However, to date, there has been limited systematic study of retraction indexing quality: we are aware of one database-wide comparison of PubMed and Web of Science (Schmidt, 2018), and multiple smaller studies highlighting database indexing problems for items with the same reason for retraction (e.g., Malički et al., 2019) or same field of study (e.g., Bakker & Riegelman, 2018; Dal-Ré & Ayuso, 2020; among many others). An analysis of PubMed's duplicate publication index in 2013 found 48% (12/25) of retracted publications (identified by publisher notices) did not show retraction status correctly for duplicate publications, and these problems persisted after authors contacted PubMed and editors during a 5-year follow-up period (Malički et al., 2019). 38% of mental health articles and 4% of genetics articles marked as retracted in Retraction Watch were not indexed as retracted in PubMed (Bakker & Riegelman, 2018; Dal-Ré & Ayuso, 2020). An analysis of 144 retracted articles in mental health found that only 7% (10/144) of retracted items were marked as such across a variety of publisher sites and database records (i.e., EBSCO databases, MEDLINE and PsycINFO via Ovid, PubMed, Scopus, Web of Science), and of those, the majority only indicated the retraction in one place (Bakker & Riegelman, 2018).

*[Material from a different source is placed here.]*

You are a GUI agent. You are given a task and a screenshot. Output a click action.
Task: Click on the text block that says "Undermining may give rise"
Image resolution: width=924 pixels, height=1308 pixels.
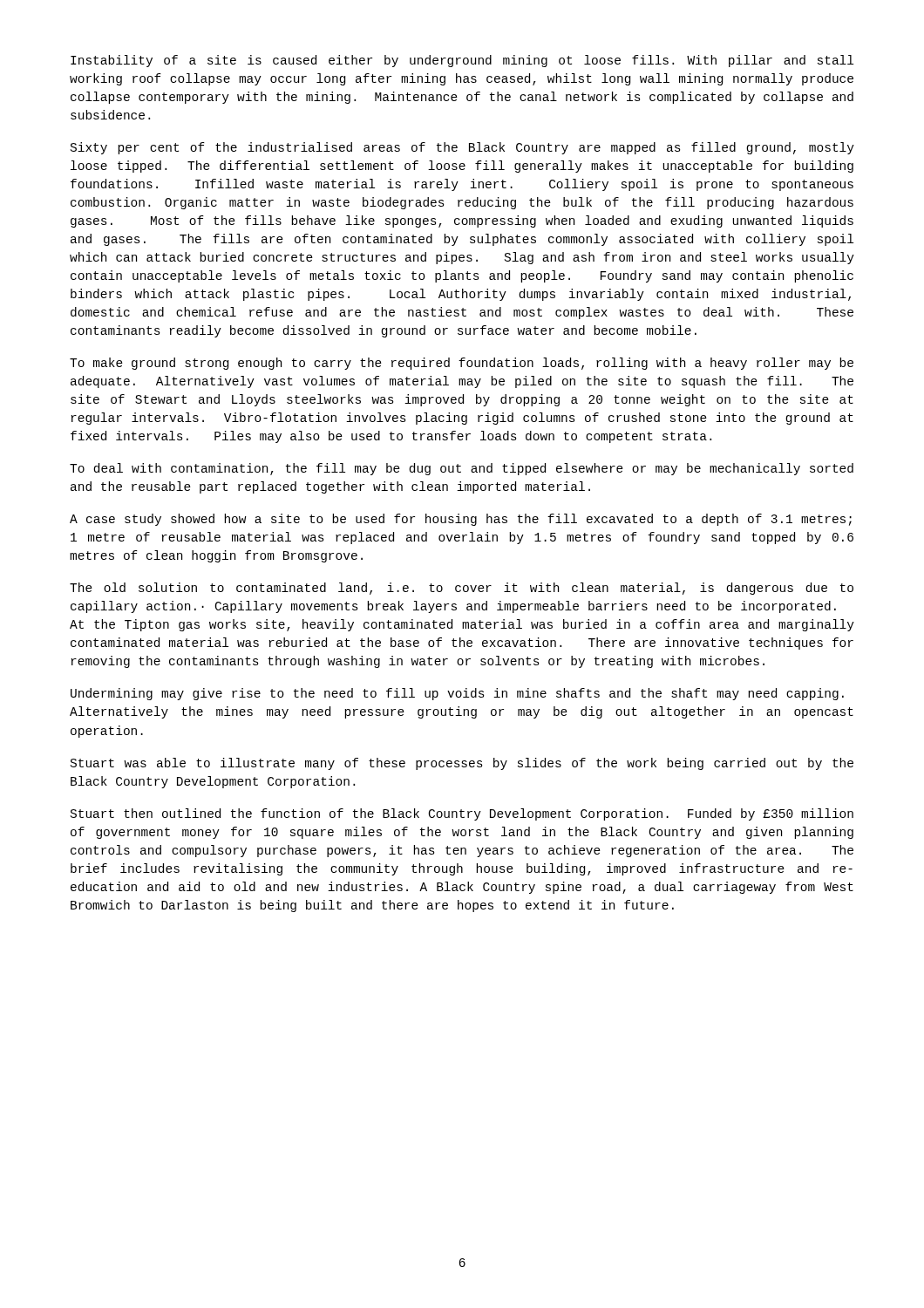point(462,713)

While it is known that retraction indexes are incomplete, there has been no systematic assessment of the extent to which retraction metadata agrees in multidisciplinary databases. This study fills that gap.

2. Goals and Research Questions

We construct a union list of all DOIs indexed as retracted publications in at least one of four multidisciplinary sources: Crossref, Retraction Watch, Scopus, and Web of Science. We check the extent to which each source agrees with the union list, restricting to each source’s coverage.

Our specific research questions are:

  1. How many DOIs are indexed as retracted publications in each of Crossref, Retraction Watch, Scopus, and Web of Science? Overall, how many DOIs are indexed as retracted publications in at least one source?

  2. How much agreement does each source have with the union list, restricting to its coverage?

  3. Does the level of agreement in DOIs indexed as retracted publications vary by field, publication year, or retraction year?

  4. For a sample of DOIs with less than 100% agreement in retraction indexing, does the publisher's website indicate that they are retracted publications?

3. Methods and Data

3.1. Methods and Data for RQ1: How many DOIs are indexed as retracted publications in each of Crossref, Retraction Watch, Scopus, and Web of Science? Overall, how many DOIs are indexed as retracted publications in at least one source?

To address RQ1, we create a list of DOIs that are indexed as retracted publications in one or more of our sources. To do this, we extract metadata about retracted publications as shown in Table 1.

After retrieving DOIs indexed as retracted publications, we deduplicate metadata within each data source, removing duplicate items with the same DOI. For ease of matching, we also remove items without DOI. Then we combine metadata across the four sources. Each DOI is annotated with a list of the sources that indexed it as a retracted publication, which we call rp_indexed_in.

We do not seek to retrieve publications indexed as errata or correction because according to the Committee on Publishing Ethics (COPE) (2019), retractions should be distinguished from other types of correction or comment.

Table 1. Retracted publications identified from multidisciplinary sources.

Source Search Query Query Results Retrieved1 Search Date Top Categories
(as categorized by source)
Crossref Update_type=(
'retraction',
'Retraction',
'retracion',
'retration',
'partial_retraction',
'withdrawal','removal')
14,745 2023-04-05

General Medicine (1738);

Pharmacology (medical) (1315);

Multidisciplinary (883);

General Computer Science (426);

General Environmental Science (385); Biochemistry (385)

Retraction Watch All results 39,301 2023-03-27

((BLS) Biology - Cancer;(BLS) Biology - Cellular;(BLS) Genetics;(838)

(B/T) Computer Science;(B/T) Technology; (719)

(B/T) Computer Science; (674)

Scopus2 DOCTYPE("tb")3 21,515 2023-04-05

Computer Science (6,911)

Engineering (5,887)

Medicine (3,908)

Biochemistry, Genetics and Molecular Biology (2,935)

Business, Management and Accounting (2,884)

Physics and Astronomy (2,078)

Web of Science (WOS) all collections DT="Retracted Publication" 16,434 2023-04-05

Biochemistry Molecular Biology (7,920)

Genetics Heredity (5,796)

Cell Biology (5,495)

Pharmacology Pharmacy (5,010)

Oncology (4,225)

Immunology (2,810)

3.2. Methods and Data for RQ2: How much agreement does each source have with the union list, restricting to its coverage?

An item might not be found in a given source on a given search date, because either: the item was not covered by the source; or, the item was covered but is not indexed as a retracted publication in that source. For a given DOI, we poll each source that it is not "rp_indexed_in" (using results from RQ1), to see whether the DOI is "covered_in" the source. We use APIs for Crossref, Scopus, and Web of Science; for Retraction Watch, there is nothing to check because our database dump only covers retracted publications.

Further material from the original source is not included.